Ocean View talks land use


Progress, and possible minimum design standards for landscaping, signs and even architecture, dominated the Feb. 15 workshop in Ocean View.

The roundtable discussion on Comprehensive Land Use Plan (CLUP) issues attracted the entire town council, the entire Planning and Zoning (P&Z) Commission, town staff and new hire land use planner Kyle Gulbronson.

Gulbronson started out with a recap of town progress vis-à-vis the 2004 CLUP. “You’ve taken care of some things already,” he pointed out, referencing ordinances to reduce density, add wetlands buffers and require landscaped buffers between businesses and residences.

“Your densities aren’t too far off,” Gulbronson said — other than in the residential-planned community (RPC) overlay.

He said the town’s RPC regulations were “very light,” and the town might want to consider a rewrite, or else just a max cap on density.

Attorney Rob Robinson (standing in for Dennis Schrader) interjected, “You need to decide whether permitting high density is ever a desirable situation.”

Robinson suggested there might be times when the town could use high density as a bargaining chip, to acquire a specific piece of parkland, for instance.

However, town manager Kathy Roth pointed out open space requirements already built into the RPC ordinance.

Gulbronson said the town had already “come out strong” on design standards for the general business (GB) district (eventually, the entire Route 26 corridor will be rezoned GB).

He recommended the town consider carrying those standards over into the residential districts as well. He also suggested the possibility of a historical district, but noted it wouldn’t solve every problem.

“Everyone thinks historical districts keep buildings from being torn down,” Gulbronson said. “They do require people to document and record places that have historical significance, but they can’t stop people from tearing them down.”

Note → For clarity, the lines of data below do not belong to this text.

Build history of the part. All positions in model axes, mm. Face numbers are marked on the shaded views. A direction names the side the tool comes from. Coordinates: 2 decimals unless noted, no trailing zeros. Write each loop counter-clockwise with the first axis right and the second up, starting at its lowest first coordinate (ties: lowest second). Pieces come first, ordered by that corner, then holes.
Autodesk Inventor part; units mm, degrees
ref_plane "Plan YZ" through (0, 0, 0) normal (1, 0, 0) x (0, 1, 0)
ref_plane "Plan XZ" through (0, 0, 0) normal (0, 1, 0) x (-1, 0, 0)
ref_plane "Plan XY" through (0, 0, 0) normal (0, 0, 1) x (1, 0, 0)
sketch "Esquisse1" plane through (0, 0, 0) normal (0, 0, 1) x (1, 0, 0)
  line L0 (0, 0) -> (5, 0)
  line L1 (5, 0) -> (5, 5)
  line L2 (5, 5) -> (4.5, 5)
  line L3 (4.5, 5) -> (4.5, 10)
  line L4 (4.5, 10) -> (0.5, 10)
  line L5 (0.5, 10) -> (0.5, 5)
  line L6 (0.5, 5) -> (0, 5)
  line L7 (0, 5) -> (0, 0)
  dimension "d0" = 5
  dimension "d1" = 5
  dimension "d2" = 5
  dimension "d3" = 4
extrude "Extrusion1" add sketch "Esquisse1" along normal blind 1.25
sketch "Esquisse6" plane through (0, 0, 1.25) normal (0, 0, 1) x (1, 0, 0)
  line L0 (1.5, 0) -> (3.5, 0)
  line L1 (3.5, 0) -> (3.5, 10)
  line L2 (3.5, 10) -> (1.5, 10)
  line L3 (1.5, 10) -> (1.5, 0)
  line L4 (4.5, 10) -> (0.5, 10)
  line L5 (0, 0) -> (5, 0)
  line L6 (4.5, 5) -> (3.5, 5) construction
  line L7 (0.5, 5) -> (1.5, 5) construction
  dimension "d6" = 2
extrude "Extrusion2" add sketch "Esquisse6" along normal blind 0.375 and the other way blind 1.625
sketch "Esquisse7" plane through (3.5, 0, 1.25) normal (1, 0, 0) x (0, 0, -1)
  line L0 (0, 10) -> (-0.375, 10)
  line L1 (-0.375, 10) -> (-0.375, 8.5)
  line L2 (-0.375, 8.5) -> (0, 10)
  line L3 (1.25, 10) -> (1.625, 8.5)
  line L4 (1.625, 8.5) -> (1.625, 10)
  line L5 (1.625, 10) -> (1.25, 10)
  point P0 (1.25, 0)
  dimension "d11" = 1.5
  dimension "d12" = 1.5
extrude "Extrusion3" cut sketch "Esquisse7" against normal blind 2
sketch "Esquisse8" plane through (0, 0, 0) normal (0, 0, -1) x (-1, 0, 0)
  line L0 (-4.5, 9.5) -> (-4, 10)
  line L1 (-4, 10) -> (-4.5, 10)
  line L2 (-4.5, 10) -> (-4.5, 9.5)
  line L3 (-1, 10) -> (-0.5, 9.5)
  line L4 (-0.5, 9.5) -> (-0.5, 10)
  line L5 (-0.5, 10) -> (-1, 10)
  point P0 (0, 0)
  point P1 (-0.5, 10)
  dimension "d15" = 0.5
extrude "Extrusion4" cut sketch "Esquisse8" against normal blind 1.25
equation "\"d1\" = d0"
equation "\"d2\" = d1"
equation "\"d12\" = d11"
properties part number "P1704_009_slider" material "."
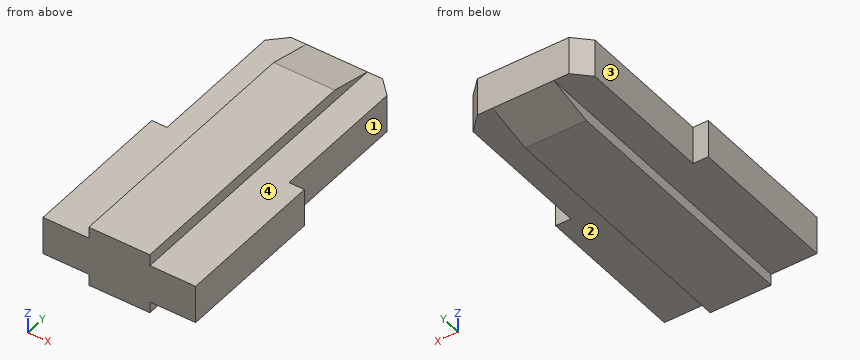
1. Flat gauge pins, fed straight in: pin 1 (1 mm diameter, centred on x = 4.5, y = 4.5, fed in from +Z); pin 2 (1.6 mm diameter, centred on x = 4.5, y = 3, fed in from -Z). Where does each tip first touch, or does it go through?
Computed values:
pin 1: stops at z = 1.25
pin 2: stops at z = 0
2. Saw through at D-D on y = 1.75. List the corners of the cut face in (x, z) (3 decimals).
Computed values:
outline: (0, 0) - (1.5, 0) - (1.5, -0.375) - (3.5, -0.375) - (3.5, 0) - (5, 0) - (5, 1.25) - (3.5, 1.25) - (3.5, 1.625) - (1.5, 1.625) - (1.5, 1.25) - (0, 1.25) - close
3. Probe line 1 along X through (y, z) = (2, 1.5); line 2 along Y through (x, z) = (0.3, 0.2); line 3 along Z through (x, y) = (3.7, 9.5). List the from-to ranges inside material, lowest first.
Computed values:
line 1: x = 1.5 to 3.5
line 2: y = 0 to 5
line 3: z = 0 to 1.25
4. Saw through at B-B on y = 5.5. List the corners of the cut face in (x, z) (3 decimals).
Computed values:
outline: (0.5, 0) - (1.5, 0) - (1.5, -0.375) - (3.5, -0.375) - (3.5, 0) - (4.5, 0) - (4.5, 1.25) - (3.5, 1.25) - (3.5, 1.625) - (1.5, 1.625) - (1.5, 1.25) - (0.5, 1.25) - close
5. Saw through at A-A on z = 0.6. List the corners of the cut face in (x, y).
Computed values:
outline: (0, 0) - (5, 0) - (5, 5) - (4.5, 5) - (4.5, 9.5) - (4, 10) - (1, 10) - (0.5, 9.5) - (0.5, 5) - (0, 5) - close
6. 3-axis set-ups, long thin cutter, end or side, ignore diameter. For the marked faces 1, 2, 3 and 4: which of +Z, -Z, +X, -X, +Y, -Y reach the whole face in a straight line?
Computed values:
face 1: +Z, -Z, +X, +Y
face 2: -Z, +X, +Y, -Y
face 3: +Z, -Z, -X, +Y
face 4: +Z, +X, +Y, -Y
7. Saw through at C-C on x = 2.6. List the corners of the cut face in (y, z) (3 decimals), plus the area to 3 significant figures.
Computed values:
outline: (0, -0.375) - (8.5, -0.375) - (10, 0) - (10, 1.25) - (8.5, 1.625) - (0, 1.625) - close
area: 19.4 mm2

Robinson said they had recently prohibited teardowns in Lewes’ historical district, but they were still working through that, and it was complicated.

In addition, many people who were planning to tear down had picked up their permits before the ordinance passed, he said.

The best solution, according to Gulbronson, was to institute minimum design standards, so if a place were to come down, something similar would replace it.

“They don’t tell you what you have to build, but, for example, the pitch of the roof, maybe a porch, landscaping, what kind of lighting,” he explained.

He planned to begin work on a stand-alone document covering the standards.